Entre el cielo y la tierra.
“[…] nadie puede decir en qué momento comienza el despertar del hombre” (Eduardo Subirats, Utopía y Subversión, 1975, p. 148).
En lo que más me fijé la primera vez que te conocí, fue en tus manos. Grandes, con las uñas bien recortadas y con un tatuaje imperfecto. Tus manos siempre cargaban algo: una pluma, papel, tarjetas con números telefónicos, periódicos, libretas y bolsas de plástico trasparente con comida. Puños llenos de sueños… Tus manos eran por si solas, un taller de trabajo, una oficina, una librería, una lucha hispana. Esas manos tuyas reflejaban de una manera muy pulcra, tu trabajo: cuidadas, útiles, en eterno movimiento y fuertes.
Entre el cielo y la tierra (ese sitio donde nosotros, los ridículos y dramáticos humanos, intentamos vivir y sobrevivir) estaba tu laboratorio. En él hacías experimentos para revolucionar la existencia de los que no sabemos cómo saborear la vida de una forma sana. En él construiste comunidad y derribaste muros. En él luchaste por todos nosotros; de hecho, este espacio en el que hoy estoy escribiendo en español, nos lo conseguiste tú.

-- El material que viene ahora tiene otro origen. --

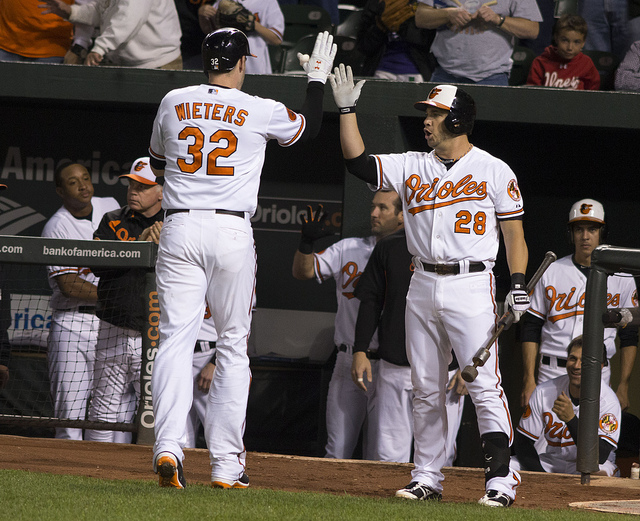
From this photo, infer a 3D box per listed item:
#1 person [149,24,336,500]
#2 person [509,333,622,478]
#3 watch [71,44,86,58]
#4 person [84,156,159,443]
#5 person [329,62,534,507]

¿De quién eran esas manos mágicas que trabajaban entre el cielo y la tierra? Eran de un hombre que soñaba despierto y despertaba a sus sueños: correr programas de rehabilitación en español; “les voy a enseñar (a las correccionales) cómo se debe de hacer la rehabilitación adecuadamente”, me decía. Eran de un hombre que no recibía un “no” por respuesta; “eh, Lucía, va a estar bueno. Vamos a agarrar lo mejor para la raza. Tú confía”, me repitió. Eran de un hombre que tocaba puertas, que luchaba por los “compas”, que explicaba cuando nadie quería oír, que compartía con los demás hasta lo que no tenía, que respiraba profundo “cuando la cosa se pone fea”, que miraba siempre para adelante y dejaba atrás rencores y remordimientos, que creía ciegamente en la unión y el trabajo en equipo, que disfrutaba de estar vivo. Eran las manos de un hombre de palabra que, invariablemente, caminaba con la cabeza bien erguida porque estaba orgulloso de su cultura; orgulloso de nosotros.
Compañeros, ustedes que hoy están leyéndome, déjenme decirles que le debemos mucho al dueño de esas manos: ahora es nuestro turno de trabajar entre el cielo y la tierra, para derribar muros y construir comunidad. A él no le importaba si eras “gabacho”, “moreno”, “paisa”, o extraterrestre; “no le hace. Aquí con nosotros todos son bienvenidos”, decía con una gran sonrisa. Mis compas, compitas, ñeros, paisas y banda, de Norte a Sur y de Sur a Norte, todos somos uno y uno somos todos. Juntos, vamos a mantener vivo el trabajo que él comenzó entre el cielo y la tierra; porque ese trabajo era y es, para y por nosotros. Porque entre el cielo y la tierra sólo podemos caminar. ¡Ya basta de correr! Vamos a andar, un pie delante del otro. Vamos a despertar y a dejar ese racismo que nos pudre por dentro. Vamos a recorrer, cogidos de las manos, las carreteras que no entienden de fronteras; las carreteras que sólo saben de unión.
“No se descubre al sueño por haberlo des-cubierto, no son las luces del día, de la conciencia y la razón, las que lo desvelan. Más bien revelan una nueva luz. Una nueva claridad que penetra en la vida vigil con las sombras de recuerdos de deseos olvidados […] Al amanecer no se despierta del sueño; es el sueño el que despierta la vigilia” (pp. 147-148).
Despertemos de ese sueño que nos tiene adormecidos. Ese sueño que nos hace sentir cansados y desganados, esclavos del hartazgo. Despertemos al sueño de ser el mejor ejemplo de nuestras raíces. ¿De qué sirve una vida llena de sueños, si dormimos durante el día? Arnulfo T. García: esta lucha no se acaba aquí.